_Activity_
In the records below, which lines include "value"? Copy them.

Start of Extracted data

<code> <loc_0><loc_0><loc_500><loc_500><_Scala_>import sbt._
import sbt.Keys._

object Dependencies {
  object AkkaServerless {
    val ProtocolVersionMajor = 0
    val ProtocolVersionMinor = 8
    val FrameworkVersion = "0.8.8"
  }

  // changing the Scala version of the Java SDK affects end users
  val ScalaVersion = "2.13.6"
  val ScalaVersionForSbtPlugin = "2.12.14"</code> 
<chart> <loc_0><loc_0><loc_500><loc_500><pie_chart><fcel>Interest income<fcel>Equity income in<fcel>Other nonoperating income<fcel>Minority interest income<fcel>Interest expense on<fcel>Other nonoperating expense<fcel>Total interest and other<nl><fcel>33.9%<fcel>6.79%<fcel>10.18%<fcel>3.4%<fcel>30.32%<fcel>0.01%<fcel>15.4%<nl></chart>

End of Extracted data
Start of Extracted data

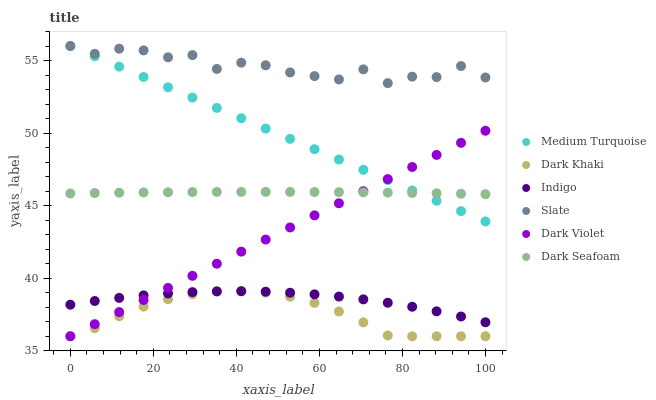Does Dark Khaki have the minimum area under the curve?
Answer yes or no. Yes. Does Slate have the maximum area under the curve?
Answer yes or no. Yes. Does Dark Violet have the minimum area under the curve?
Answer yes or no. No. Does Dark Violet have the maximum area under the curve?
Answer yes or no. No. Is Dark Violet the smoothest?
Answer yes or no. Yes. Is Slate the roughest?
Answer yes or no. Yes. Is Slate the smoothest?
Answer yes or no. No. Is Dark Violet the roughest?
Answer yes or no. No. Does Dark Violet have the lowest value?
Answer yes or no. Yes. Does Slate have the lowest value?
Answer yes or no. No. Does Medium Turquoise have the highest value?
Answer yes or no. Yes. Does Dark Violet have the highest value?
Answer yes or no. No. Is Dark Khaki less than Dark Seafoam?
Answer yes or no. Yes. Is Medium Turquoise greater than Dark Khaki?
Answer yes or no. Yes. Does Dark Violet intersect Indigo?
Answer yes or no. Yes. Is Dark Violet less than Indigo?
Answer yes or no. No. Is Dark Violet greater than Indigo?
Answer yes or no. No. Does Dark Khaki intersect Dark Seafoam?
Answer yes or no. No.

End of Extracted data

_Response below_
Answer yes or no. No. Does Dark Violet have the lowest value?
Answer yes or no. Yes. Does Slate have the lowest value?
Answer yes or no. No. Does Medium Turquoise have the highest value?
Answer yes or no. Yes. Does Dark Violet have the highest value?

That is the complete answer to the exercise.